For efficient tensor-based operations you need to correctly _broadcast_ the tensors for the difference operation: TensorFlow will pass an input matrix of shape `(batch size, input dim)` for $\mathbf X$, while you will have a matrix of centers $\boldsymbol \mu$ of shape `(input dim, #units)`. To correctly [broadcast](https://numpy.org/doc/stable/user/basics.broadcasting.html) them together, you will need Keras' [`expand_dims()`](https://www.tensorflow.org/api_docs/python/tf/keras/backend/expand_dims) function to extend $\mathbf X$'s shape to `(batch size, input dim, 1)`:

In [1]:
import tensorflow as tf
from tensorflow import keras
from tensorflow.keras import backend as K

### dummy example to compute diffs between data X and centers mu
X = tf.ones((3, 5))  # input tensor X with batch dimension 3 and data dim N=5
mu = tf.ones((5, 2))  # tensor mu with data dim N=5 and 2 units
diffs = K.expand_dims(X) - mu  # diffs tensor: 3 x 5 x 2
print(X.shape, mu.shape, diffs.shape)

(3, 5) (5, 2) (3, 5, 2)


## Task 5.2

Compare the performance of such a Gaussian basis function layer with that of a standard [`Dense`](https://www.tensorflow.org/api_docs/python/tf/keras/layers/Dense) layer on the MNIST dataset.  
Hint: Utilize existing tutorials on setting up your first MNIST MLP with Keras, e.g. https://www.tensorflow.org/guide/keras/train_and_evaluate.

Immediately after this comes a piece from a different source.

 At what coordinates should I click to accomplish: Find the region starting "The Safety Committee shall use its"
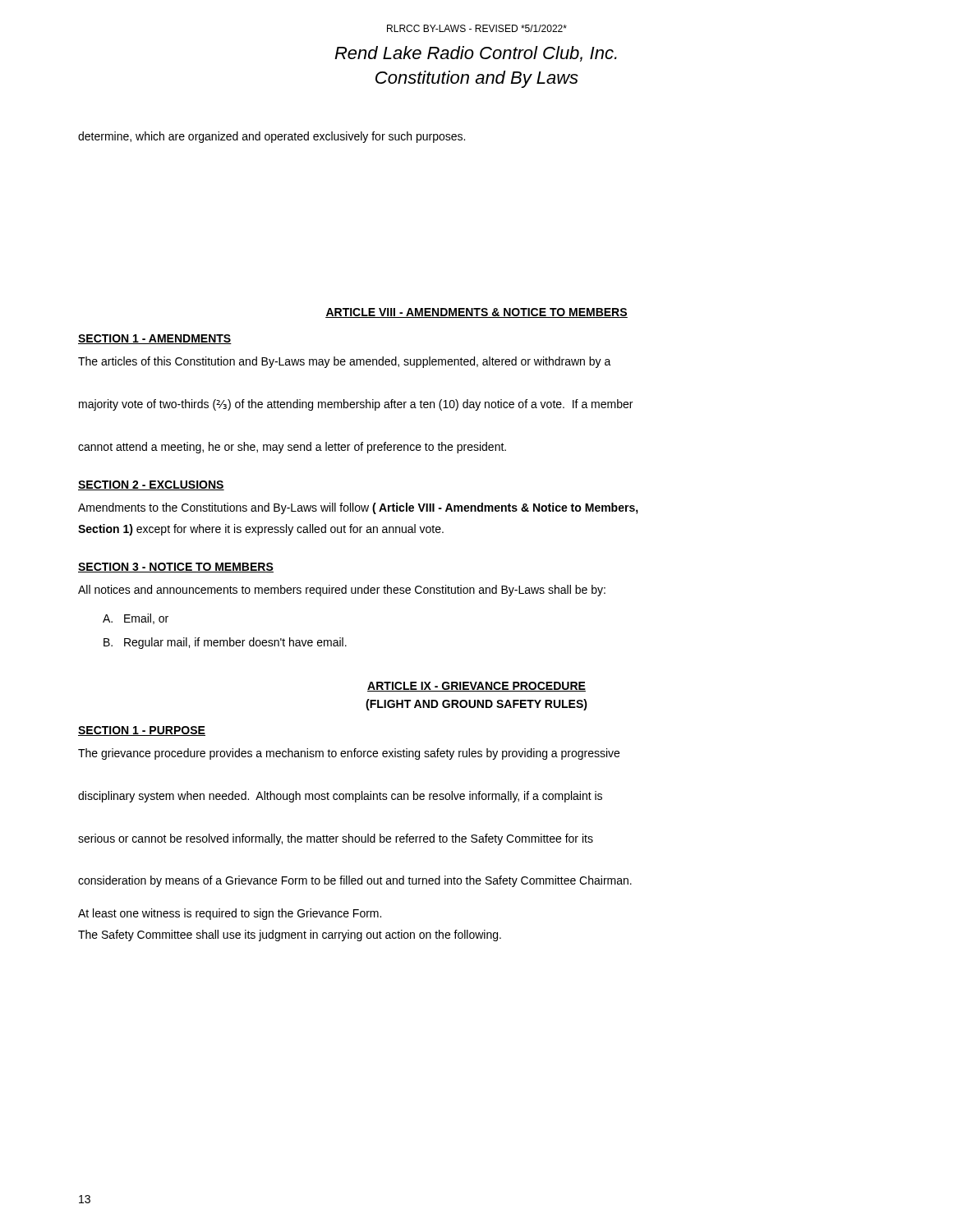290,935
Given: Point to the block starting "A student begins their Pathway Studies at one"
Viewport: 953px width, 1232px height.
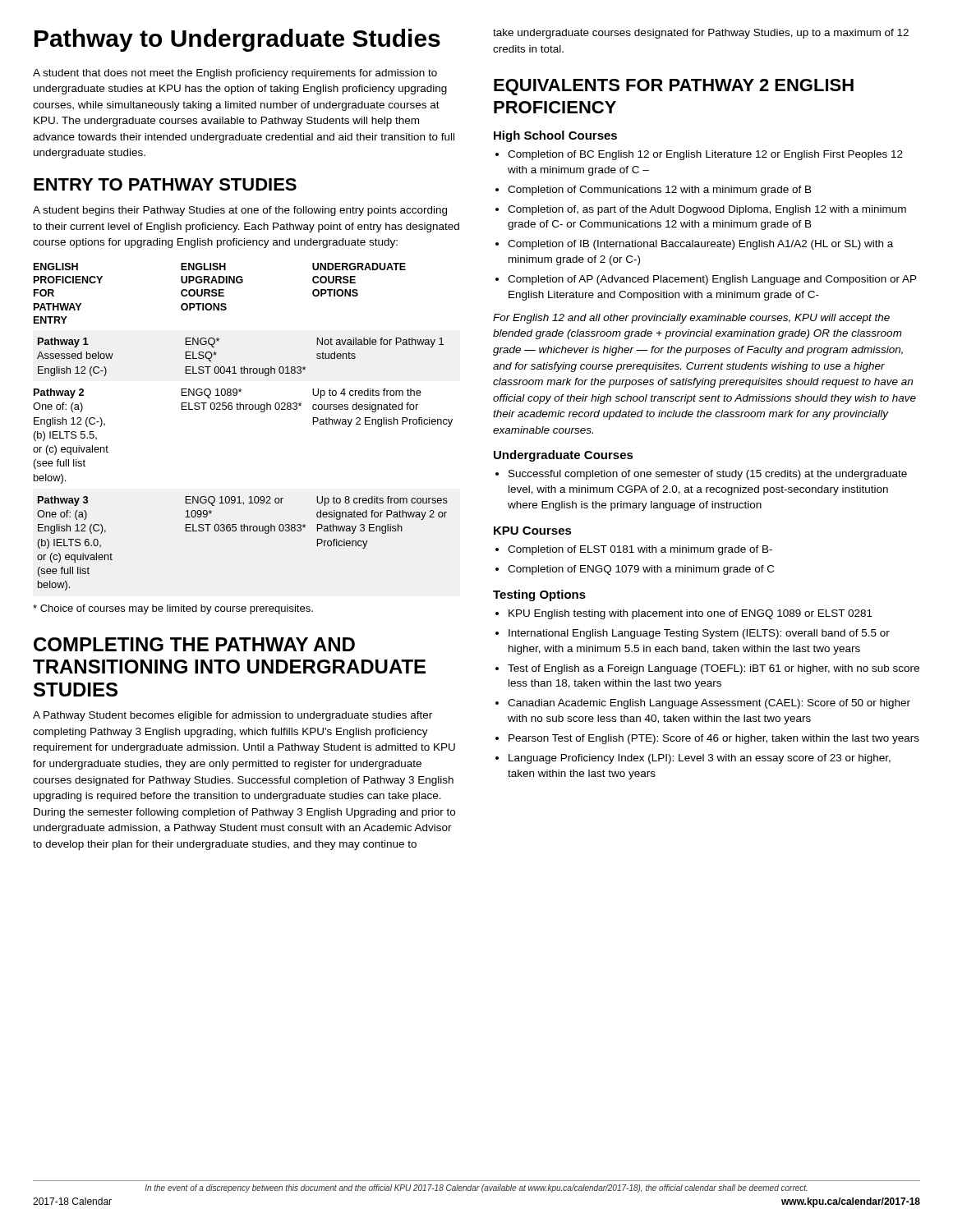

To achieve decent performance, you want to:
- Initialize the centers $\boldsymbol \mu_i$ from random data samples $\mathbf x$ (create a custom [initializer](https://www.tensorflow.org/api_docs/python/tf/keras/initializers/Initializer))
- Initialize $\sigma_i$ to the typical in-class distance between data points.  
  Use [`scipy.spatial.distance_matrix`](https://docs.scipy.org/doc/scipy/reference/generated/scipy.spatial.distance_matrix.html) to compute this statistics on a random selection of your input data.  
  (Doing it on the full dataset will probably exhaust your memory.)
- Initialize $w_i = 1$

Questions:
- How many parameters each of those networks have?
- Which network trains faster / easier?